Horst fashion photography seamlessly blends art and commerce

Horst directing fashion shoot with Lisa Fonssagrives. Photo by Roy Stevens /Time & Life Pictures / Getty Images

Fashion photography conjures together dress and body to create images that aim to seduce. On the cusp between art and commerce, this apparent dichotomy meant the genre only became a gallery staple in the last couple of decades. The V&A has a strong record of exhibitions that chart its development and highlight key players.

Their current Horst show is a demonstration of the rich variety of ways that fashion photography illuminates not just sartorial ideals, but also provides important insight into social, design and art history. Spread over a series of rooms, it shows the first entry of German-born Horst Paul Albert Bohrmann (known simply as Horst) into interwar Europe’s artistic milieu, and then his career in America, where he became a citizen in 1943 and flourished.

Summer Fashions, American Vogue cover, May 1941. © Condé Nast / Horst Estate

As a body, Horst’s work illustrates fashion photography’s evolution as a genre. Key to this is the role that fashion publishing giant Condé Nast played within this development, and the exhibition stresses this collaborative process. Fashion editors and models who played a significant role in the evolution of Horst’s style are highlighted. And the dazzling images are carefully grouped to show his association with other important photographers of the period, including Hoyningen-Huene and Cecil Beaton, his close relationship with model Lisa Fonssagrives, and Vogue editor Edna Woolman-Chase’s support of his work.

All this underlines the careful preparation involved in choosing the right photographer for a specific commission and the right fashion editor. The overall combination of people, garments and accessories has to harmonise with set and art direction so that a collective vision is realised. The show cleverly brings these hidden toils to view, the arduous process behind the sheen of the finished product coming through.

Mainbocher Corset, 1939. © Conde Nast / Horst Estate

The images are dazzling. His famous 1939 photograph of the back view of a model in a pale Mainbocher corset is here, as are his portraits of Coco Chanel, Salvador Dali, and a whole range of fashion, stage and screen stars, from Gary Cooper to Rita Hayworth and ballerina Irina Baronova. Seeing this spectacular array in one place, Horst’s close understanding of the body, his love of its curved lines, is laid bare. So many of the photographs focus on carefully arranged gesture and pose – to reveal the fashionable silhouette, but also to reach for a visual balance within the elements of each composition.

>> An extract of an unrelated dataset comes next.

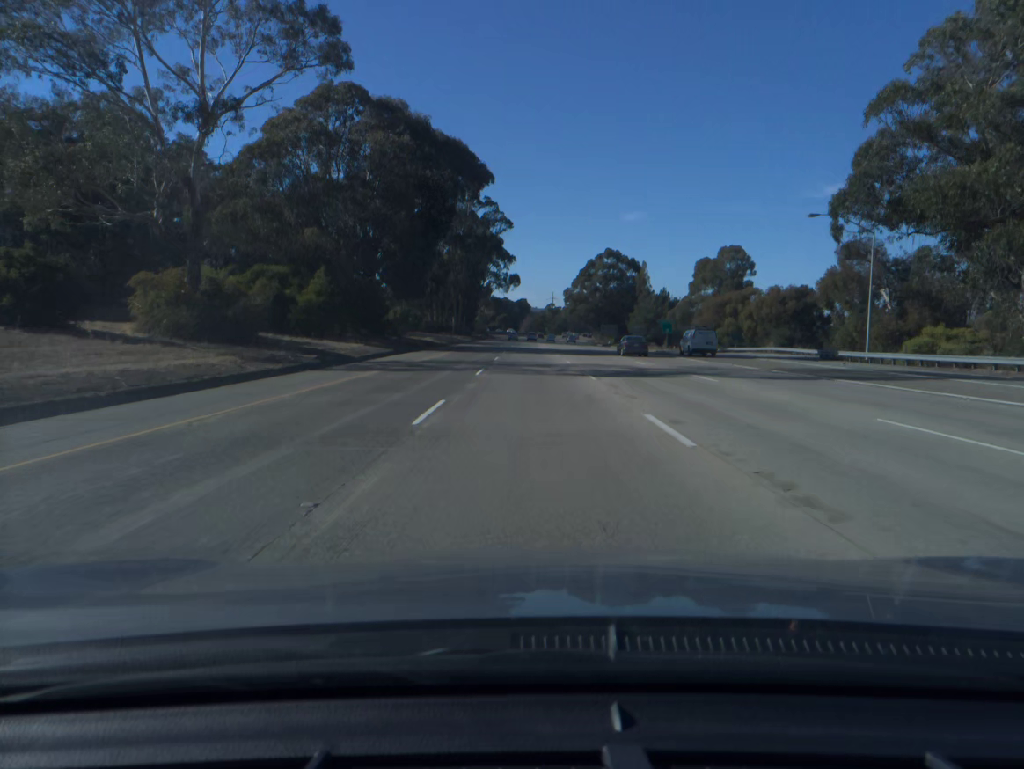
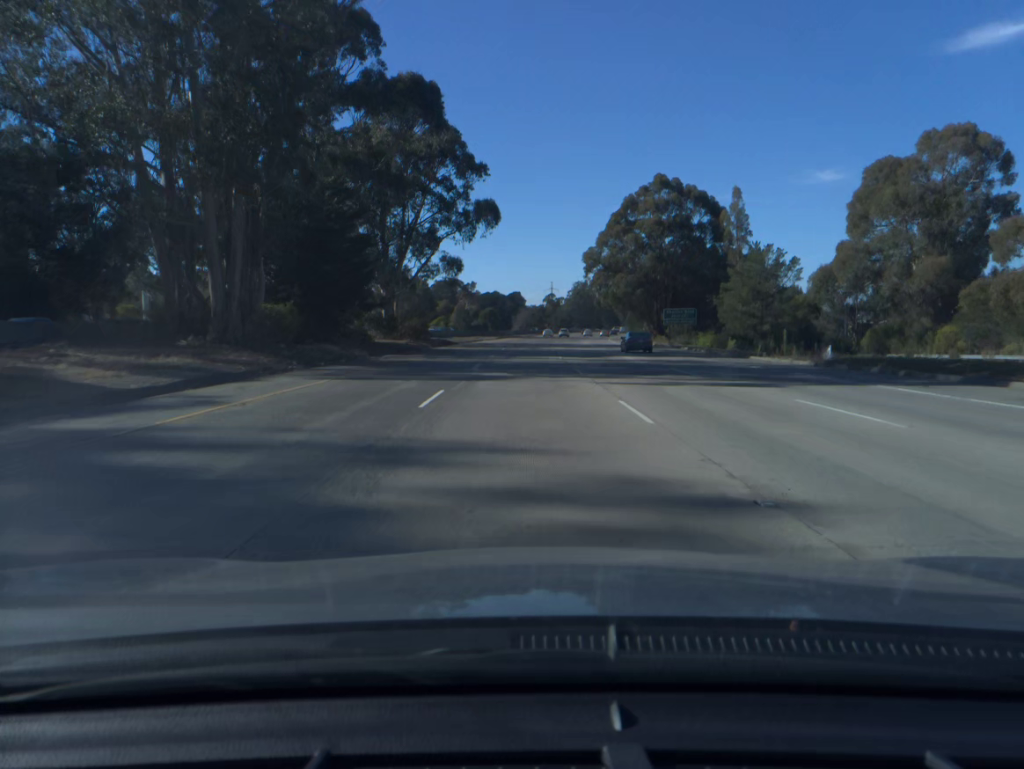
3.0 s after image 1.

Fashion editors are notorious for demanding detail. This is to appease designers, who want their work displayed correctly, and to sell – visually and literally – the clothes and accessories shown. Horst uses shadow and light to achieve this focus. Faces may be obscured in dusky light, but glimmering jewellery is revealed and the flow of a gown emphasised through richer light and pose.

Dress by Hattie Carnegie, 1939. © Condé Nast / Horst Estate

Horst’s work helped to create many of the myths that still surround haute couture. His visions of Lanvin, Vionnet, Molynuex and Schiaparelli designs are seen through the lens of contemporary art. Classical and romantic references are made through architectural sets, juxtaposition and a surrealist fragmentation of the body add a modern filter.

The inclusion of a group of the V&A’s couture dresses illuminates this dialogue further. The dresses speak of these influences, and linking material and visual examples together in this way is one example of the ways this exhibition strives to emphasise fashion photography’s multi-faceted role. It is undoubtedly spectacular – especially in the sudden revelation of colour imagery after the cool restraint of his black and white work. But beyond this, its depth of research behind the dazzle prevents it from being just another show.

And this isn’t the only fashion photography exhibition due this season. Edward Steichen opens at The Photographers Gallery on October 31 and Guy Bourdin opens at Somerset House on November 27.

To be appreciated fully, these exhibitions must be placed within fashion’s wider debates about art and commerce. The round of seasonal fashion shows kick off in New York this week, and fashion magazines continue to experiment with the visual form - as in AnOther Magazine’s current first digital cover. These are live issues, spilling out of the walls of the museum and on to the streets of fashion’s global cities.

Horst: Photographer of Style is at London’s Victoria and Albert Museum from September 6 2014 to January 4 2015.